Joseph Winston Scott (born July 28, 1965) is an American college basketball coach who is currently in his second stint as the head coach at Air Force. Scott previously was head coach at Air Force once before, as well as at Princeton and Denver.

Early life and education
Growing up on Pelican Island near Toms River, New Jersey, Scott played baseball, basketball and football at Toms River High School East, where he set the school's basketball career scoring record. Scott played at point guard in high school and set a school record for career basketball points with 1,550.

As a player in the mid-1980s, Scott learned the "Princeton offense," a methodical system that seeks high-percentage shots by passing until the right opportunity rather than a fast-pace offense with more shots.  As a result, Scott has frequently instituted a deliberate pace as a coach, often coaching the slowest-paced team in the country.

In 1990, Scott earned his J.D. degree at Notre Dame Law School and became a personal injury lawyer at New Jersey law firm Ribis, Graham, & Carter. In 2004, Scott reflected on his legal career: "If you are not a public defender or a prosecutor, most of the time what you are trying to do is help yourself, and when I was doing what I was doing every day, I sat there and said, ‘Who am I helping?’ It's all about billing hours."

Coaching career

Early coaching career (1991–2000)
After being an assistant coach at Monmouth University for the 1991–92 season, Scott returned to Princeton as an assistant coach, first under Pete Carril from 1992 to 1996 and Bill Carmody from 1996 to 2000. Scott's time as assistant coach included a 1996 win over defending champion UCLA in the NCAA Tournament and a no. 7 ranking and another second-round NCAA appearance in 1998. The 1998 team earned a No. 5 seed in the NCAA Tournament, the highest ranking ever for an Ivy League school.

First stint at Air Force (2000–2004)
From 2000 to 2004, Scott was head coach at Air Force. Scott accrued a 51–63 record, starting with an 8–21 record but improving each season. In 2003–04, Scott led Air Force to a 22–7 record, Mountain West Conference regular season title, and an at-large NCAA tournament appearance. Scott earned Mountain West Coach of the Year honors and finished fourth in polling for AP Coach of the Year.

Princeton (2004–2007)
Scott succeeded John Thompson III  as the head coach at Princeton in 2004 and had a 38–45 record through three seasons.

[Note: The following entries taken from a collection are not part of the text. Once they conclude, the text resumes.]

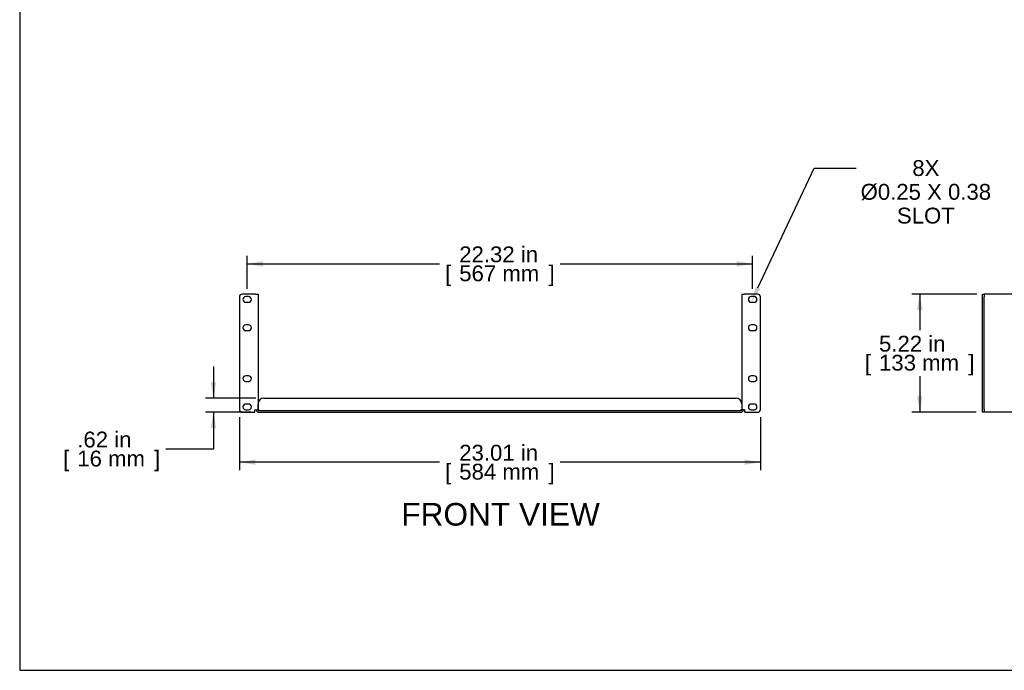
# Model space of a CAD drawing. Header units: inches. Extents: x 0 to 81, y 0 to 59.8.
# Tile 1 of 19: x 0 to 43.5, y 0 to 28.8. Entities that reach past the tile are written whole.
import ezdxf
from ezdxf import colors
from ezdxf.entities.mleader import LeaderData, LeaderLine
from ezdxf.enums import TextEntityAlignment as Align
from ezdxf.math import Vec2, Vec3

# ---------------------------------------------------------------- set-up
doc = ezdxf.new("R2010")
doc.units = ezdxf.units.IN
doc.header["$MEASUREMENT"] = 0
doc.layers.add('COM54160', color=7, linetype='Continuous')
doc.layers.add('Default', color=7, linetype='Continuous')
doc.styles.add('SEACAD_Arial', font='arial.ttf')
doc.dimstyles.new('WEB', dxfattribs={"dimtxt": 0.7, "dimasz": 0.7, "dimexe": 0.35, "dimexo": 0.35, "dimgap": 0.35, "dimtad": 0, "dimtih": 1, "dimtoh": 1, "dimzin": 4, "dimdsep": 46, "dimtxsty": 'SEACAD_Arial', "dimblk1": '_SE_FILLED', "dimblk2": '_SE_FILLED', "dimsah": 1, "dimcen": 0.35, "dimadec": 0, "dimazin": 0, "dimtfac": 1, "dimtdec": 0, "dimtofl": 0, "dimtmove": 0, "dimatfit": 3, "dimfxl": 1, "dimtolj": 1, "dimtzin": 4, "dimarcsym": 0})

# ---------------------------------------------------------------- blocks, each defined once
blk = doc.blocks.new('SE2')
at = {"layer": 'COM54160', "color": 7, "linetype": 'Continuous'}
for p, q in [((10.416, 16.624), (9.824, 16.624)), ((10.416, 16.624), (10.524, 16.624)), ((10.524, 16.624), (10.524, 11.514)), ((31.88, 16.624), (31.988, 16.624)), ((31.88, 16.624), (31.88, 11.514)), ((32.58, 16.624), (31.988, 16.624)), ((9.699, 16.499), (9.699, 11.531)), ((10.105, 16.515), (9.98, 16.515)), ((9.98, 16.265), (10.105, 16.265)), ((32.425, 16.515), (32.3, 16.515)), ((32.3, 16.265), (32.425, 16.265)), ((32.705, 11.531), (32.705, 16.499)), ((10.105, 15.265), (9.98, 15.265)), ((32.425, 15.265), (32.3, 15.265)), ((9.98, 15.015), (10.105, 15.015)), ((32.3, 15.015), (32.425, 15.015)), ((10.105, 13.015), (9.98, 13.015)), ((9.98, 12.765), (10.105, 12.765)), ((32.425, 13.015), (32.3, 13.015)), ((32.3, 12.765), (32.425, 12.765)), ((10.105, 11.765), (9.98, 11.765)), ((10.524, 11.522), (10.524, 11.781)), ((10.774, 12.031), (31.63, 12.031)), ((31.88, 11.781), (31.88, 11.522)), ((32.425, 11.765), (32.3, 11.765)), ((9.824, 11.406), (10.382, 11.406)), ((9.98, 11.515), (10.105, 11.515)), ((10.382, 11.514), (10.416, 11.514)), ((10.382, 11.406), (10.382, 11.514)), ((10.416, 11.514), (10.524, 11.514)), ((10.452, 11.514), (10.524, 11.514)), ((10.452, 11.514), (10.452, 11.514)), ((10.524, 11.514), (10.524, 11.514)), ((10.56, 11.478), (31.844, 11.478)), ((10.56, 11.406), (31.844, 11.406)), ((31.952, 11.514), (31.88, 11.514)), ((31.988, 11.514), (31.88, 11.514)), ((31.88, 11.514), (31.88, 11.514)), ((31.952, 11.514), (31.952, 11.514)), ((31.988, 11.514), (32.022, 11.514)), ((32.022, 11.406), (32.022, 11.514)), ((32.022, 11.406), (32.58, 11.406)), ((32.3, 11.515), (32.425, 11.515))]:
    blk.add_line(p, q, dxfattribs=at)
for centre, radius, start, end in [((9.824, 16.499), 0.125, 90, 180), ((32.58, 16.499), 0.125, 0, 90), ((9.98, 16.39), 0.125, 90, 270), ((10.105, 16.39), 0.125, 270, 90), ((32.3, 16.39), 0.125, 90, 270), ((32.425, 16.39), 0.125, 270, 90), ((9.98, 15.14), 0.125, 90, 270), ((10.105, 15.14), 0.125, 270, 90), ((32.3, 15.14), 0.125, 90, 270), ((32.425, 15.14), 0.125, 270, 90), ((9.98, 12.89), 0.125, 90, 270), ((10.105, 12.89), 0.125, 270, 90), ((32.3, 12.89), 0.125, 90, 270), ((32.425, 12.89), 0.125, 270, 90), ((9.98, 11.64), 0.125, 90, 270), ((10.105, 11.64), 0.125, 270, 90), ((10.774, 11.781), 0.25, 90, 180), ((31.63, 11.781), 0.25, 0, 90), ((32.3, 11.64), 0.125, 90, 270), ((32.425, 11.64), 0.125, 270, 90), ((9.824, 11.531), 0.125, 180, 270), ((10.56, 11.514), 0.108, 180, 270), ((10.515, 11.468), 0.055, 55.8388, 79.9593), ((10.56, 11.514), 0.036, 180, 270), ((31.844, 11.514), 0.036, 270, 0), ((31.844, 11.514), 0.108, 270, 0), ((31.844, 11.513), 0.0358, 270, 278.1548), ((31.89, 11.468), 0.055, 100.0407, 124.1612), ((32.58, 11.531), 0.125, 270, 0)]:
    blk.add_arc(centre, radius, start, end, dxfattribs=at)
for points, knots in [([(10.546, 11.514), (10.551, 11.511), (10.556, 11.508), (10.564, 11.501), (10.568, 11.497), (10.57, 11.49), (10.57, 11.488), (10.569, 11.484), (10.568, 11.483), (10.564, 11.479), (10.56, 11.478), (10.555, 11.478)], [0, 0, 0, 0, 0.25, 0.25, 0.5, 0.5, 0.625, 0.625, 0.75, 0.75, 1, 1, 1, 1]), ([(10.546, 11.514), (10.55, 11.508), (10.554, 11.502), (10.559, 11.49), (10.561, 11.485), (10.563, 11.479)], [0, 0, 0, 0, 0.125, 0.125, 0.2298274, 0.2298274, 0.2298274, 0.2298274]), ([(31.849, 11.478), (31.845, 11.478), (31.841, 11.479), (31.837, 11.483), (31.836, 11.484), (31.835, 11.488), (31.835, 11.49), (31.836, 11.494), (31.837, 11.497), (31.841, 11.501), (31.843, 11.503), (31.849, 11.508), (31.854, 11.511), (31.859, 11.514)], [0, 0, 0, 0, 0.25, 0.25, 0.375, 0.375, 0.5, 0.5, 0.625, 0.625, 0.75, 0.75, 1, 1, 1, 1]), ([(31.842, 11.479), (31.844, 11.485), (31.846, 11.49), (31.851, 11.502), (31.855, 11.508), (31.859, 11.514)], [0.7698518, 0.7698518, 0.7698518, 0.7698518, 0.875, 0.875, 1, 1, 1, 1])]:
    blk.add_open_spline(points, degree=3, knots=knots, dxfattribs=at)
blk = doc.blocks.new('SE4')
at = {"layer": 'COM54160', "color": 7, "linetype": 'Continuous'}
for p, q in [((42.506, 16.499), (42.506, 16.624)), ((42.506, 16.624), (42.578, 16.624)), ((42.578, 16.624), (42.578, 16.499)), ((42.614, 16.624), (42.578, 16.624)), ((45.653, 16.624), (42.614, 16.624)), ((45.653, 16.624), (57.302, 12.11)), ((42.506, 11.531), (42.506, 16.499)), ((42.578, 11.531), (42.578, 16.499)), ((57.434, 11.978), (57.302, 12.11)), ((57.434, 11.781), (57.434, 12.031)), ((57.434, 12.031), (57.506, 12.031)), ((57.434, 11.522), (57.434, 11.978)), ((57.434, 11.781), (57.434, 11.522)), ((57.506, 12.031), (57.506, 11.781)), ((57.506, 11.781), (57.506, 11.522)), ((42.506, 11.406), (42.506, 11.531)), ((42.578, 11.406), (42.506, 11.406)), ((42.578, 11.531), (42.578, 11.406)), ((42.578, 11.514), (42.614, 11.514)), ((42.578, 11.514), (42.614, 11.514)), ((57.398, 11.406), (42.578, 11.406)), ((42.614, 11.514), (42.614, 11.514)), ((57.434, 11.514), (57.434, 11.522)), ((57.434, 11.522), (57.506, 11.522)), ((57.434, 11.514), (57.456, 11.514)), ((57.456, 11.514), (57.506, 11.514)), ((57.506, 11.514), (57.506, 11.522))]:
    blk.add_line(p, q, dxfattribs=at)
for centre, radius, start, end in [((57.398, 11.514), 0.108, 270, 274.6194), ((57.398, 11.513), 0.108, 270, 274.6295), ((57.398, 11.514), 0.036, 278.1372, 0), ((55.978, 11.371), 1.428, 1.4176, 4.31), ((55.975, 11.371), 1.432, 1.4145, 4.3006), ((57.398, 11.514), 0.108, 274.6194, 0), ((57.443, 11.468), 0.055, 100.0407, 124.1612)]:
    blk.add_arc(centre, radius, start, end, dxfattribs=at)
blk.add_open_spline([(57.412, 11.514), (57.408, 11.508), (57.404, 11.502), (57.399, 11.489), (57.396, 11.483), (57.392, 11.47), (57.391, 11.464), (57.389, 11.452), (57.389, 11.446), (57.388, 11.436), (57.388, 11.431), (57.39, 11.423), (57.391, 11.419), (57.393, 11.413), (57.395, 11.411), (57.4, 11.407), (57.403, 11.406), (57.406, 11.406)], degree=3, knots=[0, 0, 0, 0, 0.125, 0.125, 0.25, 0.25, 0.375, 0.375, 0.5, 0.5, 0.625, 0.625, 0.75, 0.75, 0.875, 0.875, 1, 1, 1, 1], dxfattribs=at)
blk.add_open_spline([(57.395, 11.479), (57.398, 11.479), (57.4, 11.478), (57.403, 11.478)], degree=3, dxfattribs=at)
blk = doc.blocks.new('DMBLK229')
at = {"layer": 'Default', "linetype": 'Continuous', "transparency": 16777216}
for points in [[(39.62, 15.924), (39.854, 15.924), (39.737, 16.624)], [(39.62, 12.106), (39.737, 11.406), (39.854, 12.106)]]:
    blk.add_hatch(color=7, dxfattribs=at).paths.add_polyline_path(points)
at = {"layer": 'Default', "color": 7, "linetype": 'Continuous', "transparency": 16777216}
for p, q in [((42.264, 16.624), (39.387, 16.624)), ((39.737, 16.624), (39.737, 15.03)), ((39.737, 13), (39.737, 11.406)), ((42.228, 11.406), (39.387, 11.406))]:
    blk.add_line(p, q, dxfattribs=at)
at = {"layer": 'Default', "color": 7, "linetype": 'Continuous', "transparency": 16777216, "style": 'SEACAD_Arial'}
for s, p in [('5.22 in', (37.941, 14.785)), ('[', (37.317, 13.945)), ('133 mm', (37.941, 13.945)), (']', (41.883, 13.945))]:
    blk.add_text(s, height=0.7, dxfattribs=at).set_placement(p, align=Align.TOP_LEFT)
blk = doc.blocks.new('_SE_FILLED')
at = {"color": 0}
blk.add_line((0, 0), (-1, 0), dxfattribs=at)
blk.add_solid([(0, 0), (-1, -0.1665), (-1, 0.1665), (0, 0)], dxfattribs=at)
blk = doc.blocks.new('DMBLK230')
at = {"layer": 'Default', "linetype": 'Continuous', "transparency": 16777216}
for points in [[(10.399, 9.081), (10.399, 9.314), (9.699, 9.198)], [(32.005, 9.081), (32.705, 9.198), (32.005, 9.314)]]:
    blk.add_hatch(color=7, dxfattribs=at).paths.add_polyline_path(points)
at = {"layer": 'Default', "color": 7, "linetype": 'Continuous', "transparency": 16777216}
for p, q in [((9.699, 11.181), (9.699, 8.848)), ((32.705, 11.181), (32.705, 8.848)), ((18.538, 9.198), (9.699, 9.198)), ((32.705, 9.198), (23.867, 9.198))]:
    blk.add_line(p, q, dxfattribs=at)
at = {"layer": 'Default', "color": 7, "linetype": 'Continuous', "transparency": 16777216, "style": 'SEACAD_Arial'}
for s, p in [('23.01 in', (19.407, 9.968)), ('[', (18.783, 9.128)), ('584 mm', (19.407, 9.128)), (']', (23.348, 9.128))]:
    blk.add_text(s, height=0.7, dxfattribs=at).set_placement(p, align=Align.TOP_LEFT)
blk = doc.blocks.new('DMBLK238')
at = {"layer": 'Default', "linetype": 'Continuous', "transparency": 16777216}
for points in [[(8.437, 12.731), (8.554, 12.031), (8.671, 12.731)], [(8.437, 10.706), (8.671, 10.706), (8.554, 11.406)]]:
    blk.add_hatch(color=7, dxfattribs=at).paths.add_polyline_path(points)
at = {"layer": 'Default', "color": 7, "linetype": 'Continuous', "transparency": 16777216}
for p, q in [((8.554, 13.431), (8.554, 12.031)), ((10.424, 12.031), (8.204, 12.031)), ((10.21, 11.406), (8.204, 11.406)), ((8.554, 11.406), (8.554, 9.779)), ((8.554, 9.779), (6.454, 9.779))]:
    blk.add_line(p, q, dxfattribs=at)
at = {"layer": 'Default', "color": 7, "linetype": 'Continuous', "transparency": 16777216, "style": 'SEACAD_Arial'}
for s, p in [('.62 in', (2.542, 10.549)), ('[', (1.918, 9.709)), ('16 mm', (2.542, 9.709)), (']', (5.935, 9.709))]:
    blk.add_text(s, height=0.7, dxfattribs=at).set_placement(p, align=Align.TOP_LEFT)
blk = doc.blocks.new('DMBLK241')
at = {"layer": 'Default', "linetype": 'Continuous', "transparency": 16777216}
for points in [[(10.742, 18.08), (10.042, 17.964), (10.742, 17.847)], [(31.662, 18.08), (31.662, 17.847), (32.362, 17.964)]]:
    blk.add_hatch(color=7, dxfattribs=at).paths.add_polyline_path(points)
at = {"layer": 'Default', "color": 7, "linetype": 'Continuous', "transparency": 16777216}
for p, q in [((10.042, 16.865), (10.042, 18.314)), ((32.362, 16.865), (32.362, 18.314)), ((10.042, 17.964), (18.538, 17.964)), ((23.867, 17.964), (32.362, 17.964))]:
    blk.add_line(p, q, dxfattribs=at)
at = {"layer": 'Default', "color": 7, "linetype": 'Continuous', "transparency": 16777216, "style": 'SEACAD_Arial'}
for s, p in [('22.32 in', (19.407, 18.734)), ('[', (18.783, 17.894)), ('567 mm', (19.407, 17.894)), (']', (23.348, 17.894))]:
    blk.add_text(s, height=0.7, dxfattribs=at).set_placement(p, align=Align.TOP_LEFT)

msp = doc.modelspace()

# ---------------------------------------------------------------- linework, layer by layer
at = {"layer": 'Default', "color": 7, "linetype": 'Continuous'}
for p, q in [((0, 59.783), (0, 0)), ((0, 0), (80, 0))]:
    msp.add_line(p, q, dxfattribs=at)

# ---------------------------------------------------------------- block references
at = {"layer": 'Default'}
for name in ['SE2', 'SE4']:
    msp.add_blockref(name, (0, 0), dxfattribs=at)

# ---------------------------------------------------------------- texts
at = {"layer": 'Default', "color": 7, "linetype": 'Continuous', "style": 'SEACAD_Arial'}
msp.add_text('FRONT VIEW', height=1, dxfattribs=at).set_placement((16.847, 7.395), align=Align.TOP_LEFT)

# ---------------------------------------------------------------- dimensions: what is measured, and where the dimension line sits
at = {"layer": 'Default', "color": 7, "linetype": 'Continuous'}
for base, p1, p2, angle, picture, middle, dimtype in [((10.042, 17.964), (10.042, 16.515), (32.362, 16.515), 0, 'DMBLK241', (21.202, 17.964), 161), ((39.737, 11.406), (42.614, 16.624), (42.578, 11.406), 90, 'DMBLK229', (39.737, 14.015), 160), ((8.554017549, 11.405501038), (10.774462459, 12.030501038), (10.560383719, 11.405501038), 90, 'DMBLK238', (6.454017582, 9.778595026), 160)]:
    dim = msp.add_linear_dim(base=base, p1=p1, p2=p2, angle=angle, text='\\A1;<>', dimstyle='WEB', dxfattribs=at)
    dim.commit()
    dim.dimension.update_dxf_attribs({"geometry": picture, "text_midpoint": middle, "dimtype": dimtype})
dim = msp.add_linear_dim(base=(9.699, 9.198), p1=(32.705, 16.499), p2=(9.699, 16.499), text='\\A1;<>', dimstyle='WEB', dxfattribs=at)
dim.commit()
dim.dimension.update_dxf_attribs({"geometry": 'DMBLK230', "text_midpoint": (21.202, 9.198), "dimtype": 160})

# ---------------------------------------------------------------- leaders
ml = msp.add_multileader_mtext('Standard', dxfattribs=at)
ml.set_content('{\\pxsm0.9;\\fArial|b0||i0||c0|p34;\\W1.;8X\\P%%c0.25 X 0.38\\PSLOT\\P}', color=7)
ml.set_leader_properties()
ml.build(insert=Vec2(0, 0))
ml.multileader.update_dxf_attribs({"dogleg_length": 1.849, "arrow_head_size": 0.7})
ctx = ml.context
ctx.base_point, ctx.char_height, ctx.arrow_head_size, ctx.landing_gap_size = Vec3(37.081, 21.931), 0.7, 0.7, 0.245
ctx.text_align_type = 1
notes = []
notes.append((ctx, [(0, (1, 1, 0), (35.077, 22.191), (1, 0), 1.849, [(0, [(32.3, 16.265)], 0, [])])]))
ctx.mtext.insert, ctx.mtext.alignment = Vec3(40.009, 22.547), 2
for ctx, leaders in notes:
    for number, flags, end, landing, length, lines in leaders:
        leader = LeaderData()
        leader.index, (leader.has_last_leader_line, leader.has_dogleg_vector, leader.attachment_direction) = number, flags
        leader.last_leader_point, leader.dogleg_vector, leader.dogleg_length = Vec3(end), Vec3(landing), length
        for number, points, colour, breaks in lines:
            line = LeaderLine()
            line.index, line.vertices, line.color, line.breaks = number, Vec3.list(points), colors.encode_raw_color(colour), breaks
            leader.lines.append(line)
        ctx.leaders.append(leader)

doc.saveas('drawing.dxf')

The team finished sixth in the Ivy League in 2004–05, his first season, with a 6–8 record, before rebounding to a 10–4 mark good for second place in the conference in 2005–06. Scott Greenman, a senior point guard, became Scott's first and only First-Team All-Ivy player in 2006.

Denver (2007–2016)
Scott then served as head coach at the University of Denver from 2007 to 2016. During these nine seasons, Denver went 146–132 and had one postseason appearance, in the NIT, in the same year Denver shared the regular season WAC title in its lone season in the conference. On March 11, 2016, Denver fired Scott with two years remaining on his contract. An associate vice chancellor at Denver commented: "We want to get to the NCAA Tournament in men’s basketball. We looked at what Joe’s team had done over the nine years and decided it was time to make a transition. Postseason success had not occurred."

Holy Cross and Georgia assistant (2016–2020)
On May 23, 2016, Scott became an assistant coach at Holy Cross for his second stint working under Bill Carmody, having previously been an assistant under Carmody at Princeton from 1996 to 2000. After two seasons with Holy Cross, Scott was hired by Tom Crean to be an assistant at the University of Georgia.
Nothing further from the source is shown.